**ABOUT THIS EXERCISE**
Every entry below must appear again, exactly as written.
:::::
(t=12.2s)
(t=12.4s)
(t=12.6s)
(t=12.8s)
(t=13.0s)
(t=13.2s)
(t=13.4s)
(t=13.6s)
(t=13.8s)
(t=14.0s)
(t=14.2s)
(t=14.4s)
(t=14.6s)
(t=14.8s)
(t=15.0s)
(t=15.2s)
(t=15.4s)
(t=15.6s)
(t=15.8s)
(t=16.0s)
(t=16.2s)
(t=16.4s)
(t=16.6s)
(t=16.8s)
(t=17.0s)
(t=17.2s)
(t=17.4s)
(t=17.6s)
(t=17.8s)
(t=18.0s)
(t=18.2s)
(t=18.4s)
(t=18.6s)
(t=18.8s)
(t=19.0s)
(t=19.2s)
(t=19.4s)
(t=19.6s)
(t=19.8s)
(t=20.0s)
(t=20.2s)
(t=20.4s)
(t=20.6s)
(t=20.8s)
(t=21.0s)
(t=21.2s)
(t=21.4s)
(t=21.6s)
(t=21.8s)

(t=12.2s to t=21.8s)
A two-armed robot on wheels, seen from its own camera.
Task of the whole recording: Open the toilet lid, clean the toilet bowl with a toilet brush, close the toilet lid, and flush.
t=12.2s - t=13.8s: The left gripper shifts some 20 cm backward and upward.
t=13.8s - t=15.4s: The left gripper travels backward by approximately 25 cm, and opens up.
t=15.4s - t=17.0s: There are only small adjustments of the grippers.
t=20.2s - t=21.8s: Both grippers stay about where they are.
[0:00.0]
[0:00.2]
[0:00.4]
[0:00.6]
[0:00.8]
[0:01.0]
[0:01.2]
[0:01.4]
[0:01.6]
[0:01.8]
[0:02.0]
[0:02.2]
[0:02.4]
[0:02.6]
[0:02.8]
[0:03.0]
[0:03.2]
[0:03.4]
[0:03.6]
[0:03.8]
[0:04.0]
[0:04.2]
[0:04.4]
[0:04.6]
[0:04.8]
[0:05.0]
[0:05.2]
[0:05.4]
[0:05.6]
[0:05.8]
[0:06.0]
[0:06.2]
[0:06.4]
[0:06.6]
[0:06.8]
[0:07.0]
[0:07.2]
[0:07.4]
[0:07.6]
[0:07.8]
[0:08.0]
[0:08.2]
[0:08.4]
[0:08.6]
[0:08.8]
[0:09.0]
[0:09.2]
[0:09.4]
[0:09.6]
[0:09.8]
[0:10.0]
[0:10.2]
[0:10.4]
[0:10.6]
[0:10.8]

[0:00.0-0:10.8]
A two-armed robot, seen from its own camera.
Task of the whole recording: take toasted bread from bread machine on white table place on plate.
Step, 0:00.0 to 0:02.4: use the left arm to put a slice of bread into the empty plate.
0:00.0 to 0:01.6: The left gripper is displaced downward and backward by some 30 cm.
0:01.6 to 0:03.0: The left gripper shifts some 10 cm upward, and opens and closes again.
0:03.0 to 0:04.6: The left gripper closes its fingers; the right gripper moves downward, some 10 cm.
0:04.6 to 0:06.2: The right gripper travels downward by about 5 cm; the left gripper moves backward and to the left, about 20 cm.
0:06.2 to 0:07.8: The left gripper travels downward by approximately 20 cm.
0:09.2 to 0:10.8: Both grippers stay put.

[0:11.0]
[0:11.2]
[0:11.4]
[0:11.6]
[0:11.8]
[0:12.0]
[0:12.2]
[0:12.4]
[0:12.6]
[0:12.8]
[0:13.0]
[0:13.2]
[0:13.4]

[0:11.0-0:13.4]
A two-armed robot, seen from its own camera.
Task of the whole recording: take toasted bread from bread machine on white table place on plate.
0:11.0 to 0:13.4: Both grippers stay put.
:::::
**THE ANSWER**
(t=12.2s)
(t=12.4s)
(t=12.6s)
(t=12.8s)
(t=13.0s)
(t=13.2s)
(t=13.4s)
(t=13.6s)
(t=13.8s)
(t=14.0s)
(t=14.2s)
(t=14.4s)
(t=14.6s)
(t=14.8s)
(t=15.0s)
(t=15.2s)
(t=15.4s)
(t=15.6s)
(t=15.8s)
(t=16.0s)
(t=16.2s)
(t=16.4s)
(t=16.6s)
(t=16.8s)
(t=17.0s)
(t=17.2s)
(t=17.4s)
(t=17.6s)
(t=17.8s)
(t=18.0s)
(t=18.2s)
(t=18.4s)
(t=18.6s)
(t=18.8s)
(t=19.0s)
(t=19.2s)
(t=19.4s)
(t=19.6s)
(t=19.8s)
(t=20.0s)
(t=20.2s)
(t=20.4s)
(t=20.6s)
(t=20.8s)
(t=21.0s)
(t=21.2s)
(t=21.4s)
(t=21.6s)
(t=21.8s)

(t=12.2s to t=21.8s)
A two-armed robot on wheels, seen from its own camera.
Task of the whole recording: Open the toilet lid, clean the toilet bowl with a toilet brush, close the toilet lid, and flush.
t=12.2s - t=13.8s: The left gripper shifts some 20 cm backward and upward.
t=13.8s - t=15.4s: The left gripper travels backward by approximately 25 cm, and opens up.
t=15.4s - t=17.0s: There are only small adjustments of the grippers.
t=20.2s - t=21.8s: Both grippers stay about where they are.
[0:00.0]
[0:00.2]
[0:00.4]
[0:00.6]
[0:00.8]
[0:01.0]
[0:01.2]
[0:01.4]
[0:01.6]
[0:01.8]
[0:02.0]
[0:02.2]
[0:02.4]
[0:02.6]
[0:02.8]
[0:03.0]
[0:03.2]
[0:03.4]
[0:03.6]
[0:03.8]
[0:04.0]
[0:04.2]
[0:04.4]
[0:04.6]
[0:04.8]
[0:05.0]
[0:05.2]
[0:05.4]
[0:05.6]
[0:05.8]
[0:06.0]
[0:06.2]
[0:06.4]
[0:06.6]
[0:06.8]
[0:07.0]
[0:07.2]
[0:07.4]
[0:07.6]
[0:07.8]
[0:08.0]
[0:08.2]
[0:08.4]
[0:08.6]
[0:08.8]
[0:09.0]
[0:09.2]
[0:09.4]
[0:09.6]
[0:09.8]
[0:10.0]
[0:10.2]
[0:10.4]
[0:10.6]
[0:10.8]

[0:00.0-0:10.8]
A two-armed robot, seen from its own camera.
Task of the whole recording: take toasted bread from bread machine on white table place on plate.
Step, 0:00.0 to 0:02.4: use the left arm to put a slice of bread into the empty plate.
0:00.0 to 0:01.6: The left gripper is displaced downward and backward by some 30 cm.
0:01.6 to 0:03.0: The left gripper shifts some 10 cm upward, and opens and closes again.
0:03.0 to 0:04.6: The left gripper closes its fingers; the right gripper moves downward, some 10 cm.
0:04.6 to 0:06.2: The right gripper travels downward by about 5 cm; the left gripper moves backward and to the left, about 20 cm.
0:06.2 to 0:07.8: The left gripper travels downward by approximately 20 cm.
0:09.2 to 0:10.8: Both grippers stay put.

[0:11.0]
[0:11.2]
[0:11.4]
[0:11.6]
[0:11.8]
[0:12.0]
[0:12.2]
[0:12.4]
[0:12.6]
[0:12.8]
[0:13.0]
[0:13.2]
[0:13.4]

[0:11.0-0:13.4]
A two-armed robot, seen from its own camera.
Task of the whole recording: take toasted bread from bread machine on white table place on plate.
0:11.0 to 0:13.4: Both grippers stay put.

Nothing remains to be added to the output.